Майло позвонил два дня спустя, в восемь утра.
— Опять мне подсунули висяк, Алекс. Пока я не уверен, что смогу ответить услугой на услугу. Хотя в последнем деле мы заработали с тобой кое-какие очки, может, они нам и зачтутся.
Последним делом было убийство профессора психологии — дамы, забитой ножами в нескольких метрах от ее дома в Вествуде. После нескольких месяцев бесплодных усилий шефы спихнули расследование на Майло — в наказание за то, что в Управлении полиции города Лос-Анджелеса он был единственным детективом, открыто признавшим себя геем. Вдвоем нам удалось раскопать некоторые интересные детали из жизни жертвы, и дело благополучно закрыли.
— Ну, не знаю. Какого черта тогда я буду оказывать услуги тебе!
— Наверное, из-за того, что я такой славный? — Он рассмеялся.
— Попытка не засчитана. Попробуй еще раз.
— Потому что ты имеешь дело с психами и славишься необычайной терпимостью?
— Не напрашивайся на неприятности! Что у тебя там?
— Ребенок, Алекс. — Я услышал его вздох. — Пятнадцатилетняя девочка.
— О!
— Я знаю, как ты к таким вещам относишься, но тут дело по-настоящему серьезное. Если сможешь выкроить время, я был бы весьма признателен.
— Давай, — бросил я в трубку. — Приезжай.
Майло стоял на пороге с кучей папок, одетый в яркую расписную рубаху, которая каждому встречному сообщала о необычных вкусах ее владельца, мятые коричневые джинсы и поношенные тяжелые ботинки армейского образца.

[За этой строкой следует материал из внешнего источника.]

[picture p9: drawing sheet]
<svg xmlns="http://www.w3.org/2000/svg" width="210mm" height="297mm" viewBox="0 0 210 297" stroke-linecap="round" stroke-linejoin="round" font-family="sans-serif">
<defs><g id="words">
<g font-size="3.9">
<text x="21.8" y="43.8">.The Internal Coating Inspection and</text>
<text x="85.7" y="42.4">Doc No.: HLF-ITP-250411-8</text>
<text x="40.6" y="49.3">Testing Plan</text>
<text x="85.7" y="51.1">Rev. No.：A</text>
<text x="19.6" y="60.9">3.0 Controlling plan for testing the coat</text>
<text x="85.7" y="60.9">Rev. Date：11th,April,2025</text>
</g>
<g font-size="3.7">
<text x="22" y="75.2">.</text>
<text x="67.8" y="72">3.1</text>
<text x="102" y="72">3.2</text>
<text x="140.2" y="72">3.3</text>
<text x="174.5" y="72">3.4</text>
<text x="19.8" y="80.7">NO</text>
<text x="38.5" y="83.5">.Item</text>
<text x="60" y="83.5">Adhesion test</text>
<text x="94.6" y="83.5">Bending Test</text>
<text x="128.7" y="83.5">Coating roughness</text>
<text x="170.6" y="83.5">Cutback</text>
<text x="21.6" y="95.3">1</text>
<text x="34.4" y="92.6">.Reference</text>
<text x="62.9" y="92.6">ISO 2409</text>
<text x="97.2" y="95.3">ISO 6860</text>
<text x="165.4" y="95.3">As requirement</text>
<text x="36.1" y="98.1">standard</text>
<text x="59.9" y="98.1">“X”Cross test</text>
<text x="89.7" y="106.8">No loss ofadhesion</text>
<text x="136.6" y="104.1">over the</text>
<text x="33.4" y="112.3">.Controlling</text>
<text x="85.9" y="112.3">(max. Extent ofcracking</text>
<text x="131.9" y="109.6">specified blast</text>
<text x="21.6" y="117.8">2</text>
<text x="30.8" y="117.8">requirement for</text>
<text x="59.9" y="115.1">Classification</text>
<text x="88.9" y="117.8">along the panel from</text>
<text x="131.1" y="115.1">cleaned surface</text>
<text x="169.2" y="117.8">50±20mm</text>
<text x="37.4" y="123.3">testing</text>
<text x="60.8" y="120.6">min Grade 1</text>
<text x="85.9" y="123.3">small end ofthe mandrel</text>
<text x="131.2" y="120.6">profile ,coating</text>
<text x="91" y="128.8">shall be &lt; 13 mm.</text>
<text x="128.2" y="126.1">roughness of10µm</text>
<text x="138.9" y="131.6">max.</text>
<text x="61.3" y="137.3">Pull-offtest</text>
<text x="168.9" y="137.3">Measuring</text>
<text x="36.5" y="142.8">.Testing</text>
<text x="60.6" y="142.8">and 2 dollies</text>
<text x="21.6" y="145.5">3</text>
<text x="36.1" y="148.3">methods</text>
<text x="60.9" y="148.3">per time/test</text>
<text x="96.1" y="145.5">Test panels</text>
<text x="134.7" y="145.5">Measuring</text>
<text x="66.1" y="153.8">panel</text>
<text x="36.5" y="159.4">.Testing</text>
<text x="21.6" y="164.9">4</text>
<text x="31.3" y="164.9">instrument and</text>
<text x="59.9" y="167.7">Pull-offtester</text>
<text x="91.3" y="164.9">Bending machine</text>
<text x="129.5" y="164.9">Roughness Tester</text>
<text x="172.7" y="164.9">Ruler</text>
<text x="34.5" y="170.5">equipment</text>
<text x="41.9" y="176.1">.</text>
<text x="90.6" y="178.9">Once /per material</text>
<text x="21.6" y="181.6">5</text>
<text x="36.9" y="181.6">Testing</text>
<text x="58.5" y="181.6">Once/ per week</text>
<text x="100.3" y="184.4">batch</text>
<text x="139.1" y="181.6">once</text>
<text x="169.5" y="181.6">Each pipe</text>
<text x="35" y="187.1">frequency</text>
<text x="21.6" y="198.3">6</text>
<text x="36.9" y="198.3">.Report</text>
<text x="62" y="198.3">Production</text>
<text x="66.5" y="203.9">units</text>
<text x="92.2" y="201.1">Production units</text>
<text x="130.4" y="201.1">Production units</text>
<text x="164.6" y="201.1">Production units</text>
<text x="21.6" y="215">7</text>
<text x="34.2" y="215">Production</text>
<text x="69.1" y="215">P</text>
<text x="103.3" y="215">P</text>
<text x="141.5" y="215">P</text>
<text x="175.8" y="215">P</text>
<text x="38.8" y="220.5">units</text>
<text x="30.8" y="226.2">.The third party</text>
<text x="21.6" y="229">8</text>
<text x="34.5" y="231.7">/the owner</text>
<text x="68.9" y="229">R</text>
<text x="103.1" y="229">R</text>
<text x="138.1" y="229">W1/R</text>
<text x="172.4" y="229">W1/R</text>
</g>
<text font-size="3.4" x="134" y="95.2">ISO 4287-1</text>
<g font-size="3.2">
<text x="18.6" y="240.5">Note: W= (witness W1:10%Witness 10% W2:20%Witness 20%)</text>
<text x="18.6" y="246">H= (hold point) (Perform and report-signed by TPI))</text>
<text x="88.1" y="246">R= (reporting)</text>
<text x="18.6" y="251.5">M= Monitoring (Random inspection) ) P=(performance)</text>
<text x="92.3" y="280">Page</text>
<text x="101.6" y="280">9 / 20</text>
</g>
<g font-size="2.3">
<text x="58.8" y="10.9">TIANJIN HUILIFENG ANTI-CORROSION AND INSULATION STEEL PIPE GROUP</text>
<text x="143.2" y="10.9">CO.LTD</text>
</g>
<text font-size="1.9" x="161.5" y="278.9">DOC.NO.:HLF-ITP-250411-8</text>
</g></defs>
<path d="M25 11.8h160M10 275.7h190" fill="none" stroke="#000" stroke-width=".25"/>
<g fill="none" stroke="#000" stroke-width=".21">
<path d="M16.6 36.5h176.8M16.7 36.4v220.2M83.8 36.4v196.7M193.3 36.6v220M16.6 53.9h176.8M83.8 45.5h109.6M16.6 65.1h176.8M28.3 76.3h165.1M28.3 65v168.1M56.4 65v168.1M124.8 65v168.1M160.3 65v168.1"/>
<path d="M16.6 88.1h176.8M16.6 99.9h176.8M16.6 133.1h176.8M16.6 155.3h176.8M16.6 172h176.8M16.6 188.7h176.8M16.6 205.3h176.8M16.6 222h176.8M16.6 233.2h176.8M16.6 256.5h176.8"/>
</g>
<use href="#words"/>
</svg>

Вес моего приятеля стабилизировался где-то около двухсот сорока фунтов, более или менее равномерно распределенных по центру его рослой фигуры. Прическа недавно подновлена в обычном для него стиле, хотя два этих понятия, Майло и стиль, явно исключали друг друга: волосы почти сведены на нет сзади и с боков, торчат дыбом на макушке и длинными сосульками свисают с висков. Седина отвоевывала все большие пространства, а сосульки, как им и положено, уже стали белыми. Будучи на девять месяцев моложе меня, Майло временами казался живым воплощением быстротечности времени.
Он опустил коробку с папками на кухонный стол. Лицо мелово-бледное, в глазах — ни искорки. Длинной была для него сегодняшняя ночь, да и предыдущая, видимо, тоже. Не сводя взгляда с холодильника, Майло хмуро проговорил:
— Мне что, диктовать заказ по буквам?
— Еда или питье?
— Я принял дело к расследованию еще вчера, в шесть вечера.
— Значит, то и другое вместе.
— Еще бы — ты же врач! — Потянувшись, Майло сел на жалобно скрипнувший под ним стул.
Я приготовил ему сандвич с холодной телятиной, налил из пакета огромную кружку молока. С громким сопением Майло принялся удивительно быстро поглощать еду. Стоявшая чуть в стороне коробка едва не лопалась от бумаг.
— Данных, похоже, хватает.
— Не путай количество с качеством. — Он отодвинул тарелку и принялся доставать из скоросшивателей пачки листов, раскладывая их аккуратными стопками.
— Имя жертвы — Айрит Кармели. Пятнадцать лет, некоторая задержка умственного развития. Тринадцать недель назад похищена и убита во время школьной экскурсии в горы неподалеку от Санта-Моники, там нечто вроде небольшого заповедника. Школа, где она училась, организует подобные выезды ежегодно, просто чтобы доставить детишкам немного радости.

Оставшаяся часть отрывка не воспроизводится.